Collins, Turei and Racism

Ugh, you can tell we're in an election year. The cellophane is barely off the new stationery for the term before the bitter fighting and mudslinging between parties and politicians begins. National, bless them, have decided that the electorate are shallow enough to vote based on character digs rather than policies and so Judith Collins' vicious little takedown of Green co-leader Metiria Turei this week comes as no surprise, as does John Key leaping to her defence.

A professional. Dressed professionally.


The #nzpol hashtag is alive with this so feel free to check it out if you care enough but the main point I take from all this is that Judith, you are a racist.

There you go sweetheart, this is a callout.

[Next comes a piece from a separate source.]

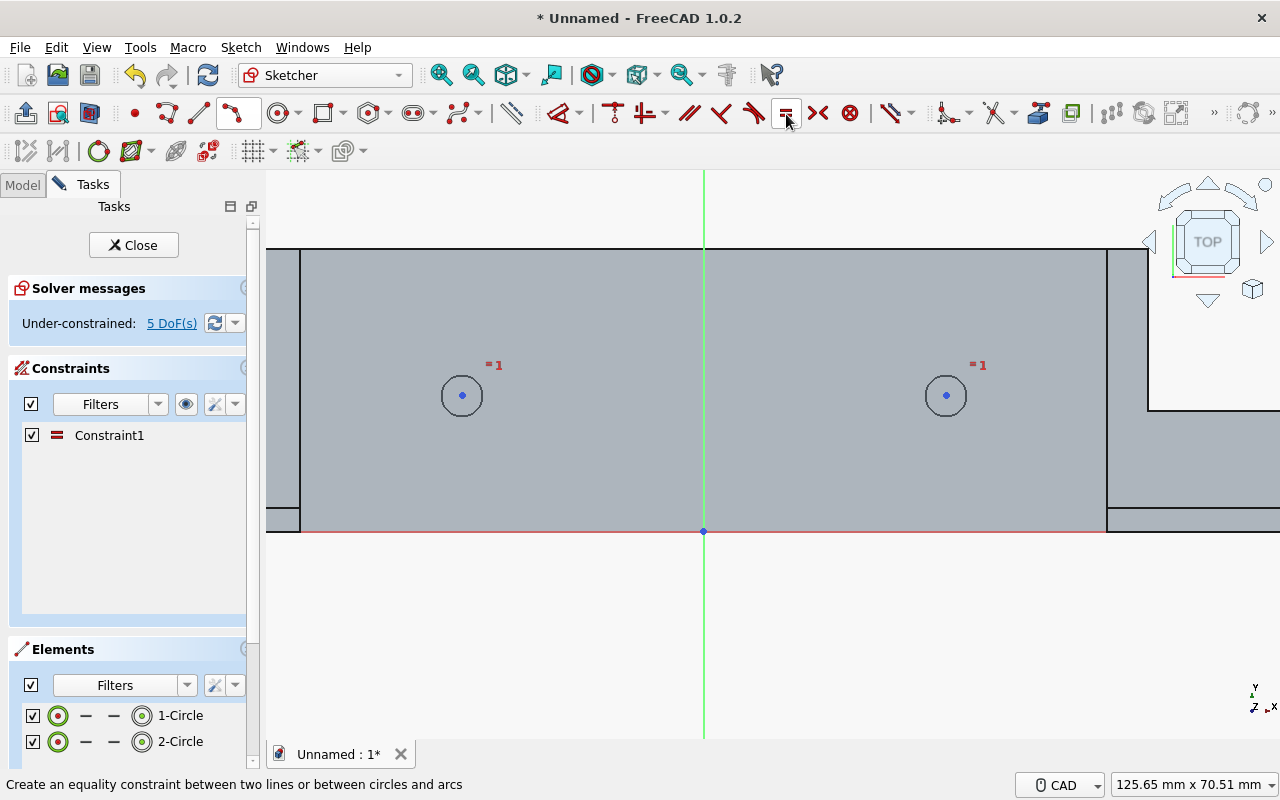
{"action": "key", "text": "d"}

Your insinuation that a Maori woman cannot speak for people in poverty dressed as a professional politician is a twofold slap in the face. If Turei turned up in jandals and cutoffs you and your bitter pointy-shouldered cronies would cackle and point in your contempt for someone not taking their role seriously. You would dismiss her out of hand. If Turei, a former lawyer and advocate for beneficiaries, dares to dress in the clothes of a professional in a country that clings to European standards of formality, then you label her a hypocrite as since when did anyone currently successful ever understand the realities of poverty? The suggestion that a Maori woman should not get ideas above her station is subtle, but there. (It also smacks of a classist assumption that people in poverty are somehow "other" but that's a whole other post.) Her follow-up patronising comments to Turei after being called out is classic privilege. Put someone down, then suggest the wounded party is just oversensitive. "A sensitive little sausage" Judith? This is really how you publicly address another MP?

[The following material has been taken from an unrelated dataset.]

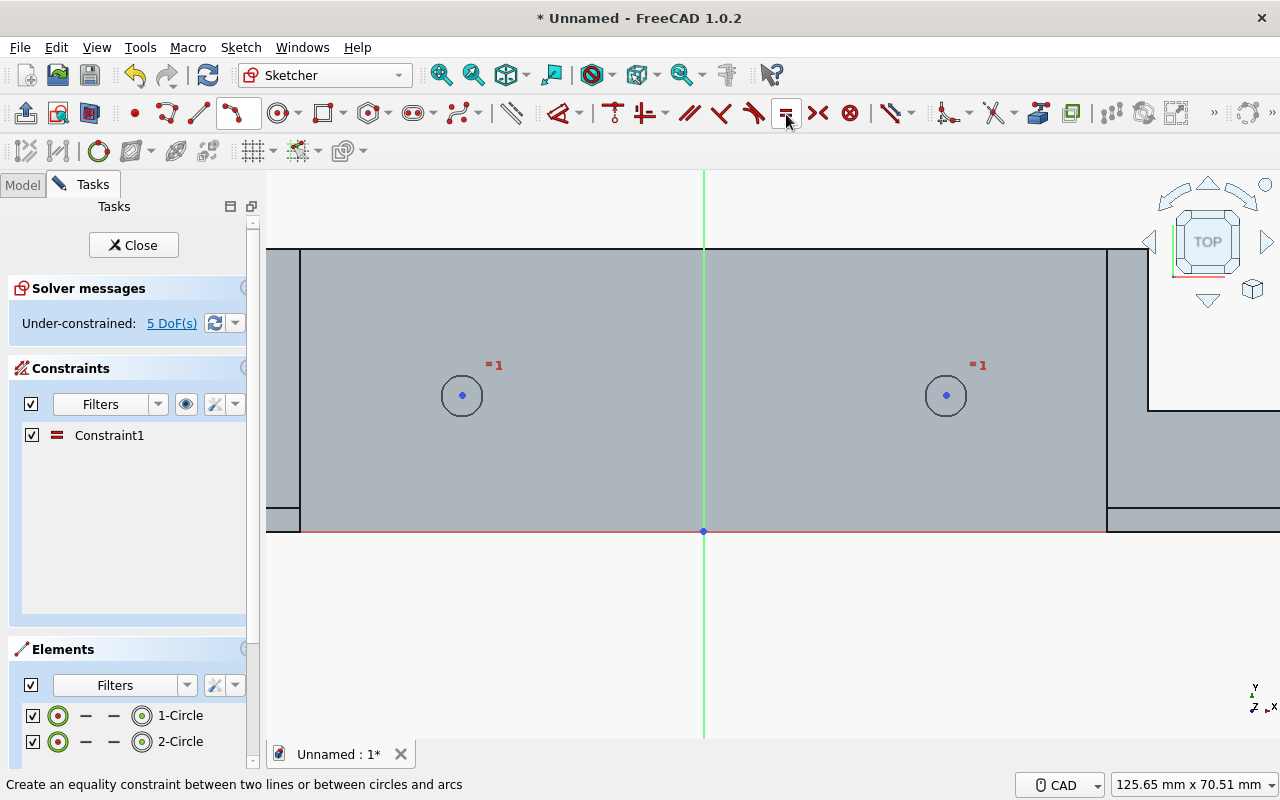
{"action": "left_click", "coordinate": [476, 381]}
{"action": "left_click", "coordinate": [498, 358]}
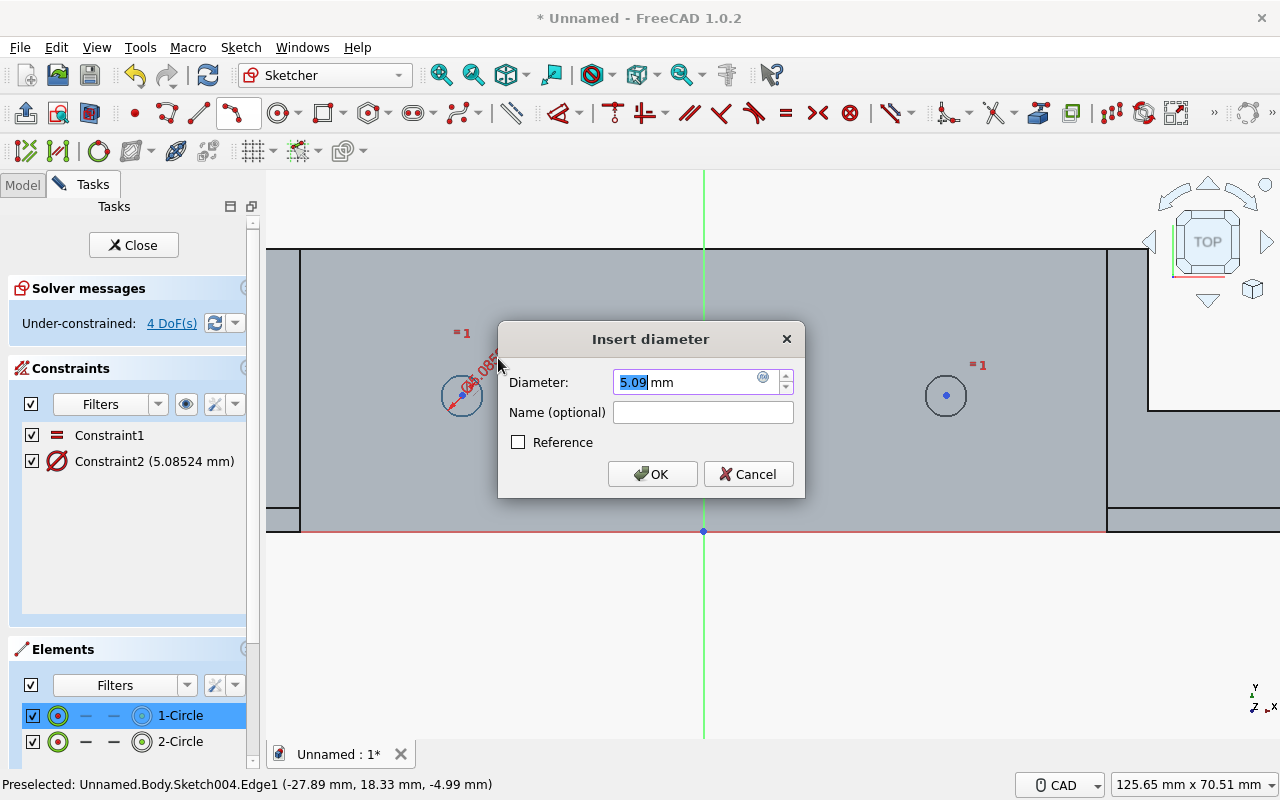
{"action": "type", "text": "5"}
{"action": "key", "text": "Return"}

It is hard enough for a woman in politics to be taken seriously, as Jacinda Ardern's recent comments on the sexism she's faced as an MP testify, without facing the intersectionality of being Maori and female. The fact she's currently popular with media and public is the final provocation for a party that thrives on holding down others to benefit the minority of business cronies and schoolboy networkers. Judith's open admiration for that odious pit of despair and hatred that is Whaleoil (no, I'm not linking) should speak volumes all by itself.

The election is strongly rumoured to be held in September, giving us another seven months of backbiting and personal grudges. One would hope that voters consider what qualities they want in the people who represent them. Are racism and the gleeful snarking at others really the traits we think represent us best?